> **To do**:
Reproduce, word for word, every line starting at the line that contains "Next, the truck (0,214,540,899)." and ending with the final line of the entries.

> **Recorded information**:
* * *
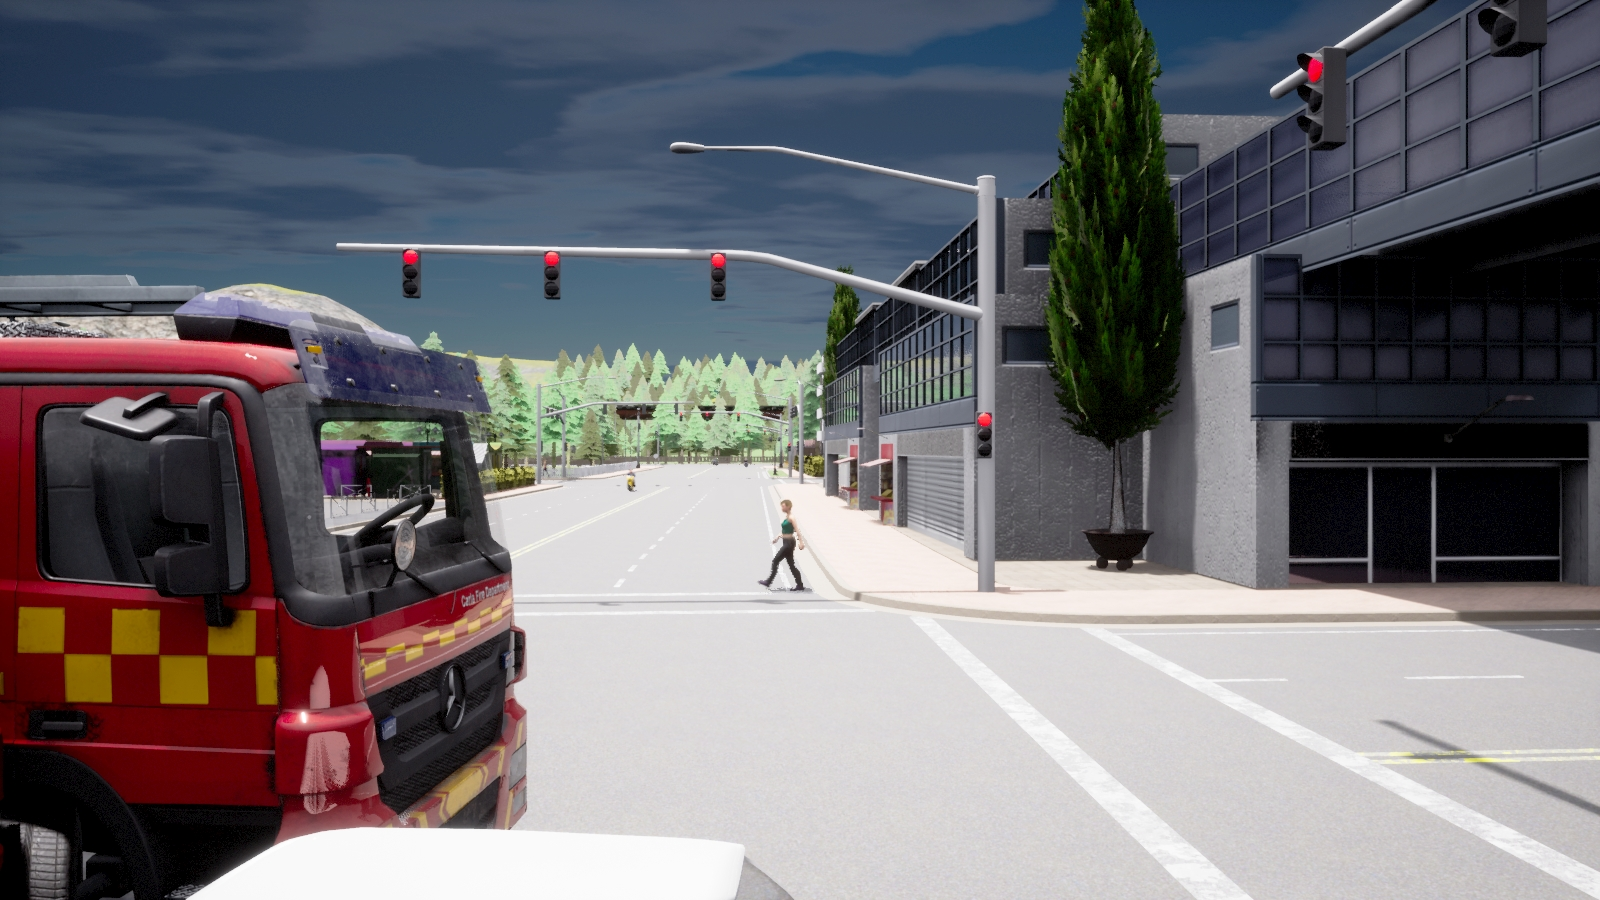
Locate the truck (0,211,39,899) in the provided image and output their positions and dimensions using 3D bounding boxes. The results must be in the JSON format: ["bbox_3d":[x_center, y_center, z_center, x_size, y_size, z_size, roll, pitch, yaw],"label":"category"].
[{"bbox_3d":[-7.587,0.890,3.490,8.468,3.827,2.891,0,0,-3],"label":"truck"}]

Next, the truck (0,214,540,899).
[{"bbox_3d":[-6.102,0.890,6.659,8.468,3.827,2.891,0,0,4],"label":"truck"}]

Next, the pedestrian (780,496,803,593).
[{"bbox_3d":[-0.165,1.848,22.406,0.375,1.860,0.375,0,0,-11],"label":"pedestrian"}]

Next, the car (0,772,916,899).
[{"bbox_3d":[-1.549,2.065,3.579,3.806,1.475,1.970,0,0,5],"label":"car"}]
* * *
> **Output**:
Next, the truck (0,214,540,899).
[{"bbox_3d":[-6.102,0.890,6.659,8.468,3.827,2.891,0,0,4],"label":"truck"}]

Next, the pedestrian (780,496,803,593).
[{"bbox_3d":[-0.165,1.848,22.406,0.375,1.860,0.375,0,0,-11],"label":"pedestrian"}]

Next, the car (0,772,916,899).
[{"bbox_3d":[-1.549,2.065,3.579,3.806,1.475,1.970,0,0,5],"label":"car"}]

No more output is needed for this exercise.